▶ Your goal: Only one stretch of the data below is wanted: the lines starting at the one with "#36 cardboard box <box>495,647,576,837</box>" and ending at the one with "#54 cardboard box <box>311,191,372,199</box>", both included, given again exactly.

Stored entries
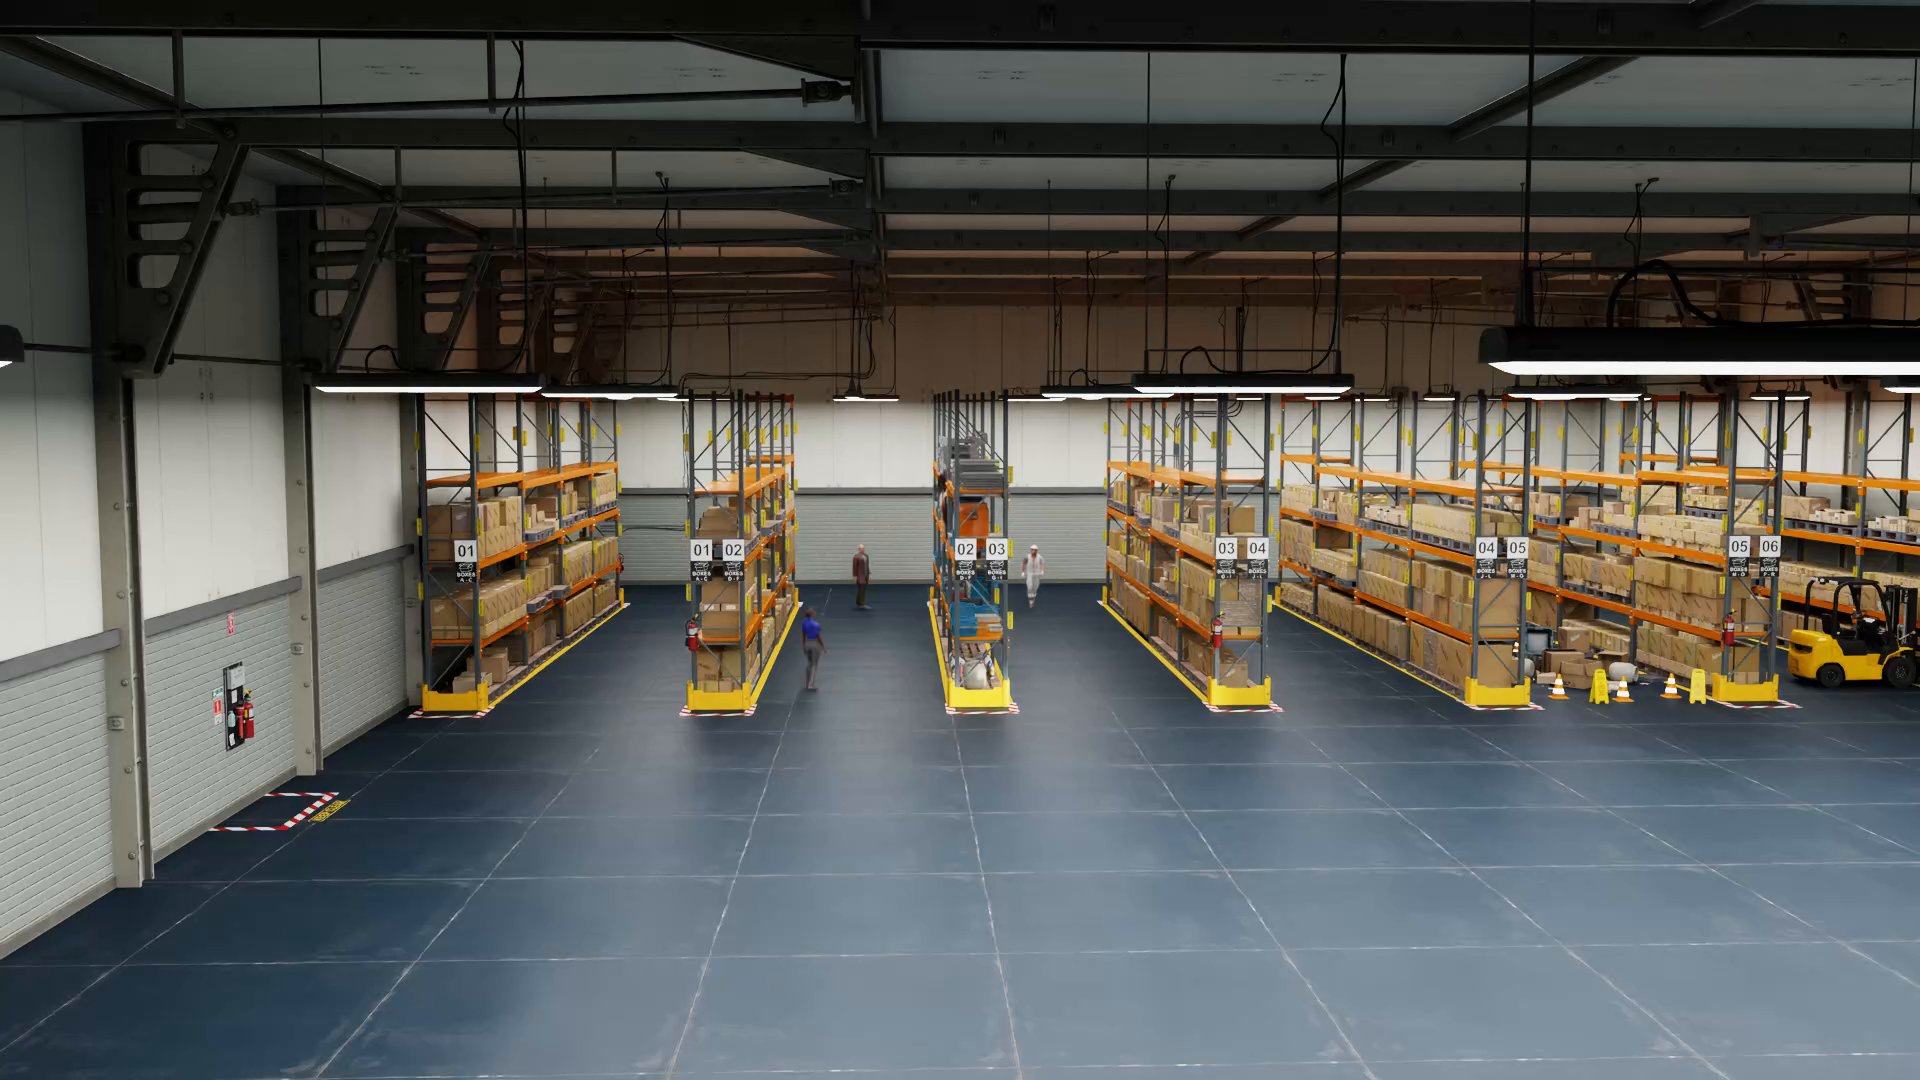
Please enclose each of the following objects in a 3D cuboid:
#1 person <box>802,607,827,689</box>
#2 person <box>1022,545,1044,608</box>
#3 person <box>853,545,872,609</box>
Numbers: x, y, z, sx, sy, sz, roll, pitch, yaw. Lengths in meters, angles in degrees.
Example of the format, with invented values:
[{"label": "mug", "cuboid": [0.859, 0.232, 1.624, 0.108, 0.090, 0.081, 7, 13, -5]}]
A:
[{"label": "person", "cuboid": [-2.943, 2.189, 33.416, 0.482, 1.700, 0.461, 3, 5, 30]}, {"label": "person", "cuboid": [2.084, 1.039, 47.188, 0.618, 1.812, 0.877, 0, 5, -4]}, {"label": "person", "cuboid": [-2.680, 1.029, 46.737, 0.651, 1.789, 0.606, 3, 6, 33]}]
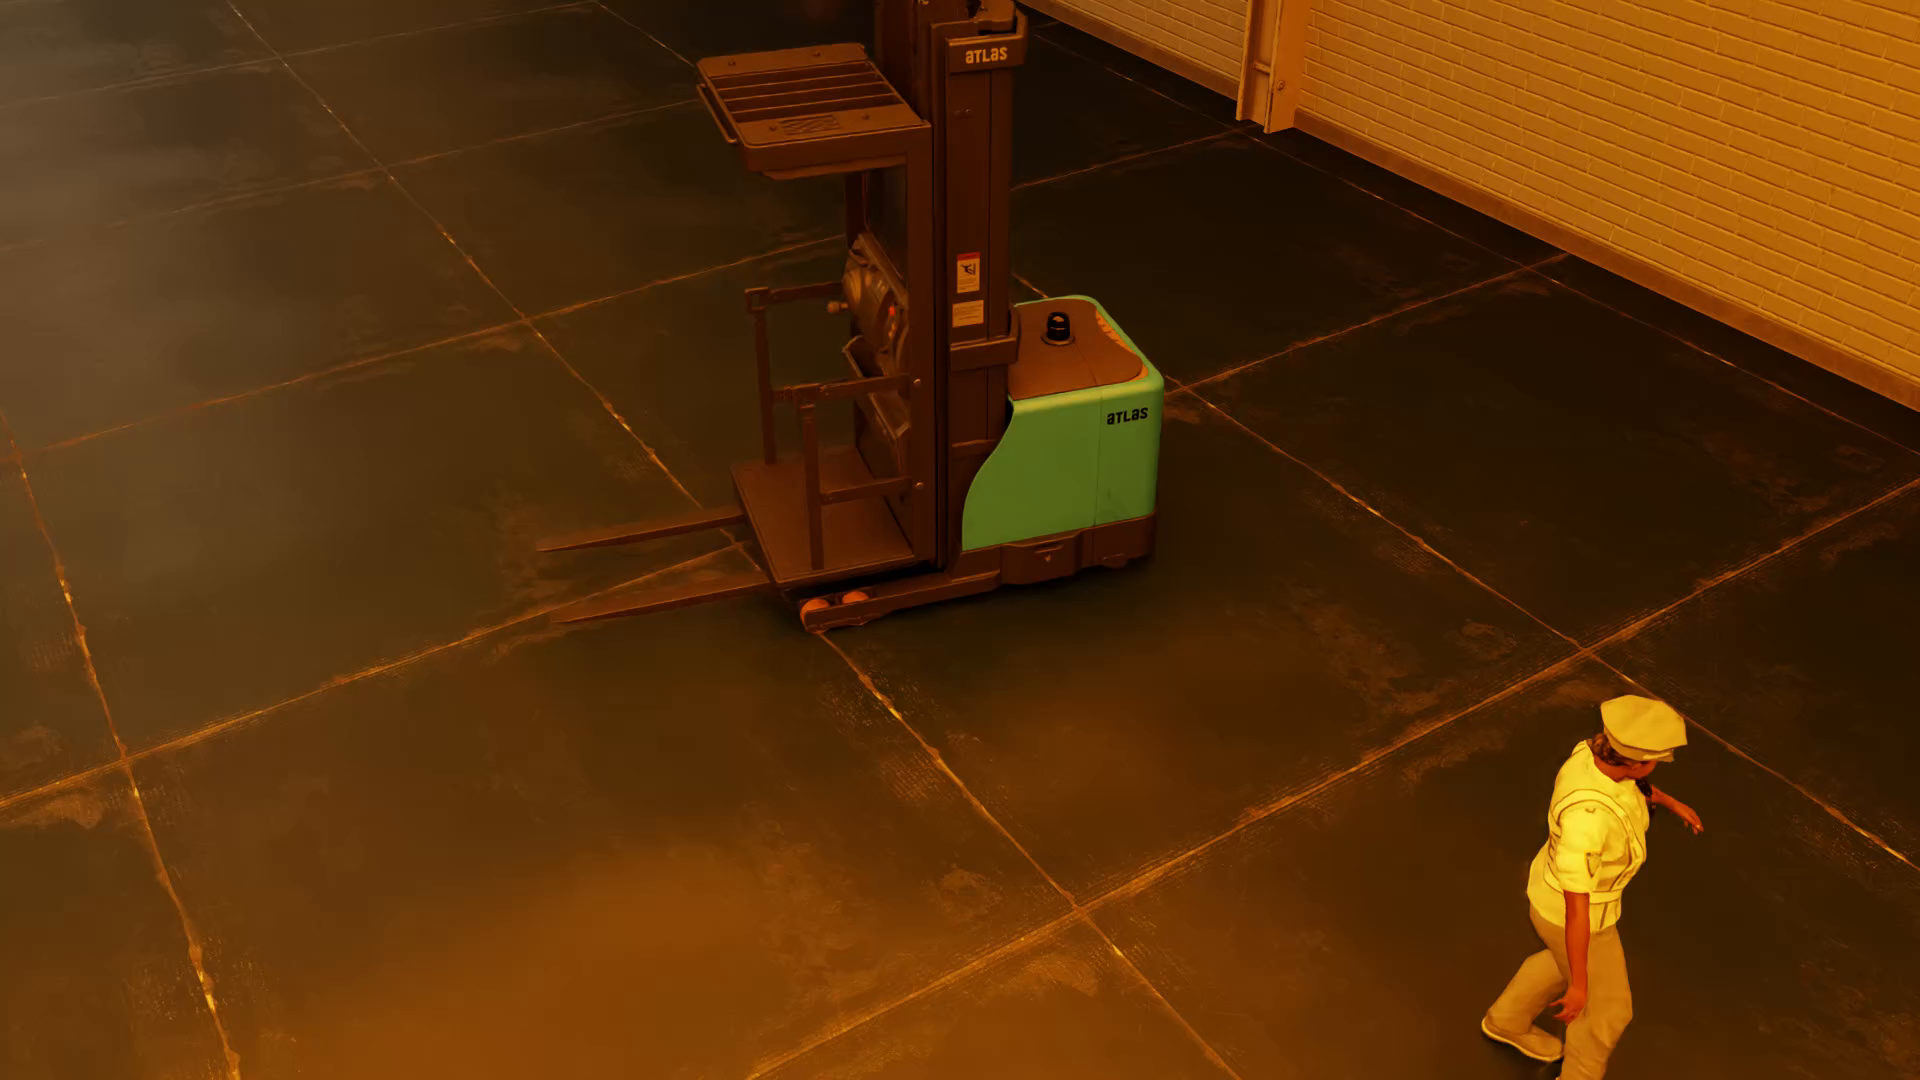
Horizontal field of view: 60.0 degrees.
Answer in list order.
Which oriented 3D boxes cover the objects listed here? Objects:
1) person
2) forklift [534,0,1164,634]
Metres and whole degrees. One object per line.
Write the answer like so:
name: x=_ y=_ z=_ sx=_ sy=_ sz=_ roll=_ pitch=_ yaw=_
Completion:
person: x=2.141 y=1.260 z=5.533 sx=0.546 sy=1.691 sz=0.899 roll=15 pitch=38 yaw=20
forklift: x=-0.579 y=-1.088 z=7.696 sx=3.031 sy=2.935 sz=1.130 roll=-11 pitch=37 yaw=-15
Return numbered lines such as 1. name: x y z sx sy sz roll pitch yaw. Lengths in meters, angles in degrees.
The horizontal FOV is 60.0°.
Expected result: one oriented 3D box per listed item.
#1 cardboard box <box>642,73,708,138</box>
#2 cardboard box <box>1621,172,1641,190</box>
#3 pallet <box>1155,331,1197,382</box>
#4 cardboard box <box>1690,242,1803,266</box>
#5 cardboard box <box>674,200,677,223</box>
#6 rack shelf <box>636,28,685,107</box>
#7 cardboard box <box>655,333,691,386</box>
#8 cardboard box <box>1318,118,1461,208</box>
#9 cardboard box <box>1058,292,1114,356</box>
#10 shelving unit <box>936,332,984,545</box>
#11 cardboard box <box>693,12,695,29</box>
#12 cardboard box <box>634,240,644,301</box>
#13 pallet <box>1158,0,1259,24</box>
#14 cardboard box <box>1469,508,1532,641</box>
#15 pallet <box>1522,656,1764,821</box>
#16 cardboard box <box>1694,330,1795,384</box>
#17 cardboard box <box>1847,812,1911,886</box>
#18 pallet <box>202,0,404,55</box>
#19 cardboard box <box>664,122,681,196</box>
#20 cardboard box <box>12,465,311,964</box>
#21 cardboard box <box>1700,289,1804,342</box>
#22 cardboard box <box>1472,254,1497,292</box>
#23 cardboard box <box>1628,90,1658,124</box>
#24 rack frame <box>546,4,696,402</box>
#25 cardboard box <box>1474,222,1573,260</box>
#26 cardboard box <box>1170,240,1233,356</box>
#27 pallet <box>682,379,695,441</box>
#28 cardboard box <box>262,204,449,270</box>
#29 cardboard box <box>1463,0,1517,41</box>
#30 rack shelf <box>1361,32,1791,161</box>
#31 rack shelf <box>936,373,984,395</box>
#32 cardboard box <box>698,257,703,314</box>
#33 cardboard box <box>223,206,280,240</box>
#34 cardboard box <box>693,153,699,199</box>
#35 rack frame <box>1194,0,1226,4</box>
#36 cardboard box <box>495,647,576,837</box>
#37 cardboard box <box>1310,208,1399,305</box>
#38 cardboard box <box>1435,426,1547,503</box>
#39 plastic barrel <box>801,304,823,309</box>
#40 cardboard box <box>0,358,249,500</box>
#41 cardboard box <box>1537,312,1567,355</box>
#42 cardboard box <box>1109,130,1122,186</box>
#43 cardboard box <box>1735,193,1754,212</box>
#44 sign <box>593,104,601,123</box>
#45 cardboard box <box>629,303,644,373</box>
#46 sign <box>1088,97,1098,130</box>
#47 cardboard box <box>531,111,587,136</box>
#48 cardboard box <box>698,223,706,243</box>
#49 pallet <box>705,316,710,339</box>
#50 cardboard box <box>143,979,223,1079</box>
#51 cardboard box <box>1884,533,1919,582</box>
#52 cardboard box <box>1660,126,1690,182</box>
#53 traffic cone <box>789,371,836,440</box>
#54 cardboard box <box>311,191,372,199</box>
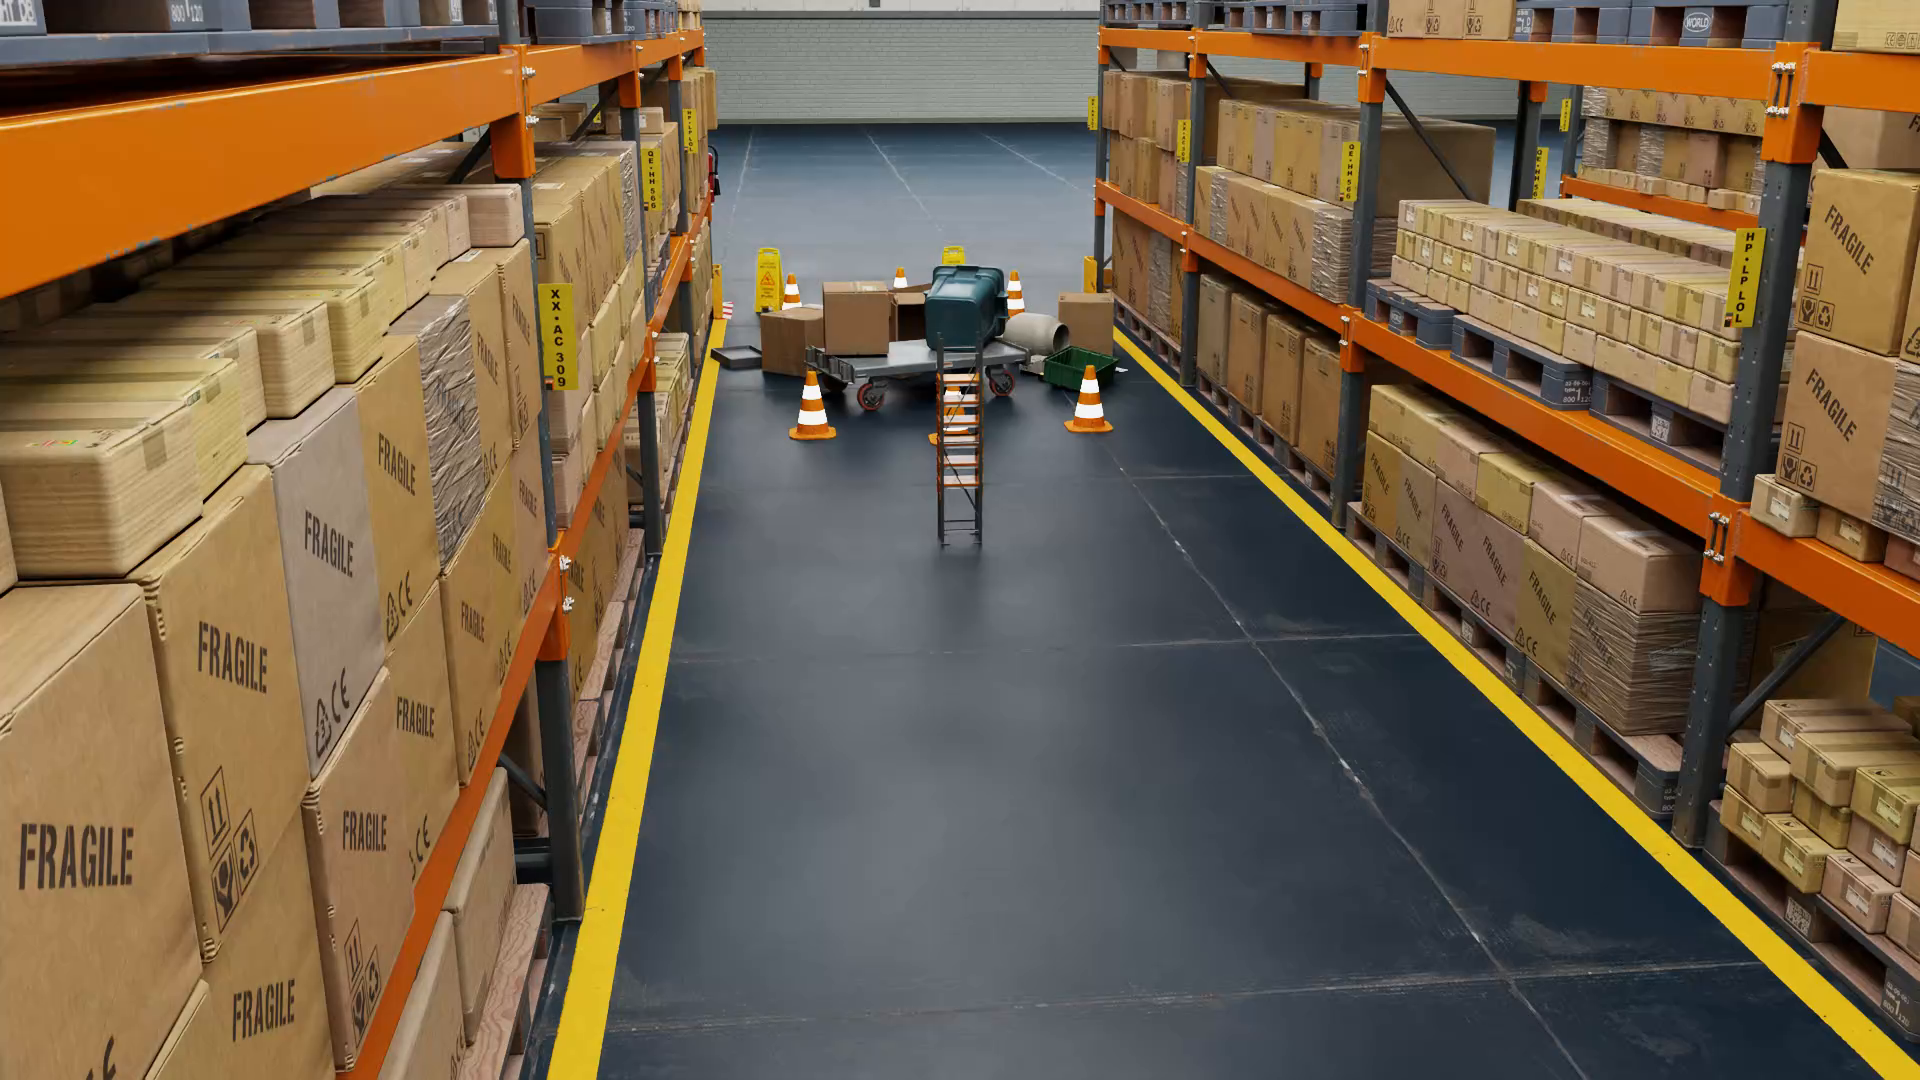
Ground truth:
1. cardboard box: -2.482 -3.638 13.925 0.700 0.500 0.500 -2 18 -7
2. cardboard box: 6.723 -3.518 16.294 0.380 0.149 0.250 -2 18 -6
3. pallet: 2.316 -1.612 14.460 1.003 0.211 1.213 -2 18 -6
4. cardboard box: 3.424 -1.211 7.252 0.380 0.149 0.250 -1 17 -4
5. cardboard box: -2.197 -2.311 11.750 0.380 0.149 0.250 -2 18 -7
6. rack shelf: -2.390 -3.023 10.490 1.077 0.370 4.000 -2 18 -6
7. cardboard box: -2.540 -1.321 12.563 0.950 0.372 0.625 -2 17 -5
8. cardboard box: 2.639 -2.331 10.259 0.700 0.500 0.500 -2 18 -6
9. cardboard box: 1.136 -1.953 15.059 0.500 0.500 0.500 1 17 4
10. shelving unit: -0.002 -0.577 9.511 0.258 1.200 0.189 -2 18 -6
11. cardboard box: -2.642 -4.783 15.315 0.380 0.149 0.250 -1 17 -4
12. cardboard box: -1.881 -1.369 8.447 0.500 0.250 0.500 -2 18 -6
13. pallet: 2.243 -4.346 13.654 1.003 0.211 1.213 -2 18 -6
14. cardboard box: 2.714 0.144 7.684 0.500 0.500 0.500 -2 18 -7
15. pallet: 3.060 0.768 6.877 1.003 0.211 1.213 -2 18 -6
16. cardboard box: 2.904 -0.665 6.009 0.380 0.149 0.250 -1 17 -4
17. cardboard box: 3.037 0.950 5.206 0.380 0.149 0.250 -2 18 -6
18. pallet: -1.575 -0.929 2.769 1.003 0.211 1.213 -2 18 -6
19. cardboard box: -2.321 -2.790 12.192 0.500 0.500 0.500 -2 18 -7
20. cardboard box: -1.185 0.214 2.150 0.500 0.500 0.500 -2 18 -7
21. cardboard box: 2.906 -0.808 5.968 0.380 0.149 0.250 -1 17 -3
22. cardboard box: 2.691 -1.285 7.982 0.380 0.149 0.250 -2 18 -6
23. cardboard box: 6.731 -4.225 15.793 0.500 0.500 0.500 -2 18 -6
24. rack frame: -2.597 -2.531 12.730 1.000 3.000 0.127 -2 18 -6
25. cardboard box: 2.692 -1.430 7.949 0.380 0.149 0.250 -1 17 -3
26. cardboard box: 2.321 -2.090 14.172 0.875 0.875 0.875 -2 17 -5
27. pallet: -2.515 -0.968 12.409 1.003 0.211 1.213 -2 18 -6
28. cardboard box: -1.488 -0.743 4.117 0.380 0.149 0.250 -2 18 -6
29. cardboard box: 2.639 -2.525 7.537 0.500 0.500 0.500 -2 18 -6
30. rack shelf: 2.935 -2.014 7.277 1.077 0.370 4.000 -2 18 -6
31. rack shelf: -0.002 -0.878 9.417 0.258 0.103 0.180 -2 18 -6
32. cardboard box: -2.456 -2.120 14.060 0.500 0.500 0.500 -1 17 -3
33. cardboard box: -1.886 -0.729 4.071 0.380 0.149 0.250 -2 18 -6
34. cardboard box: -2.479 -3.159 14.067 0.500 0.500 0.500 -2 18 -6
35. rack frame: 2.317 -5.576 12.414 1.000 3.000 0.127 -2 18 -6
36. cardboard box: -1.915 0.484 5.974 0.875 0.875 0.875 -1 17 -4
37. cardboard box: 2.416 -1.695 9.903 0.500 0.500 0.500 -2 18 -6
38. cardboard box: 2.650 -0.376 8.086 0.500 0.250 0.500 -2 18 -5
39. plastic barrel: -1.290 -1.925 15.101 0.512 0.421 0.421 11 21 32
40. cardboard box: -1.176 -0.139 2.192 0.380 0.149 0.250 -2 18 -7
41. cardboard box: 2.766 -0.911 7.289 0.380 0.149 0.250 -1 17 -3
42. cardboard box: 1.987 -3.868 16.739 0.875 0.550 0.550 -2 18 -6
43. cardboard box: 6.964 -2.923 14.399 0.380 0.149 0.250 -2 18 -6
44. sign: -3.549 -4.119 16.343 0.100 0.325 0.005 -2 18 -6
45. cardboard box: -1.805 -0.973 8.019 0.500 0.250 0.500 -1 17 -5
46. sign: 1.351 -4.341 16.918 0.100 0.325 0.005 -2 18 -6
47. cardboard box: -2.685 -2.759 11.008 0.380 0.149 0.250 -1 17 -3
48. cardboard box: -2.514 -2.787 15.100 0.380 0.149 0.250 -1 17 -3
49. pallet: -2.953 -2.126 16.097 1.003 0.211 1.213 -2 18 -6
50. cardboard box: -1.123 0.845 1.811 0.500 0.500 0.500 -2 18 -6
51. cardboard box: 3.026 0.037 4.972 0.380 0.149 0.250 -3 18 -8
52. cardboard box: 7.097 -3.608 15.500 0.875 0.500 0.500 -2 18 -6
53. traffic cone: -1.076 -0.994 12.071 0.336 0.463 0.334 -2 18 -6
54. cardboard box: -2.128 -0.951 5.863 0.500 0.500 0.500 -1 17 -5

▶ Solution to this task:
#36 cardboard box <box>495,647,576,837</box>
#37 cardboard box <box>1310,208,1399,305</box>
#38 cardboard box <box>1435,426,1547,503</box>
#39 plastic barrel <box>801,304,823,309</box>
#40 cardboard box <box>0,358,249,500</box>
#41 cardboard box <box>1537,312,1567,355</box>
#42 cardboard box <box>1109,130,1122,186</box>
#43 cardboard box <box>1735,193,1754,212</box>
#44 sign <box>593,104,601,123</box>
#45 cardboard box <box>629,303,644,373</box>
#46 sign <box>1088,97,1098,130</box>
#47 cardboard box <box>531,111,587,136</box>
#48 cardboard box <box>698,223,706,243</box>
#49 pallet <box>705,316,710,339</box>
#50 cardboard box <box>143,979,223,1079</box>
#51 cardboard box <box>1884,533,1919,582</box>
#52 cardboard box <box>1660,126,1690,182</box>
#53 traffic cone <box>789,371,836,440</box>
#54 cardboard box <box>311,191,372,199</box>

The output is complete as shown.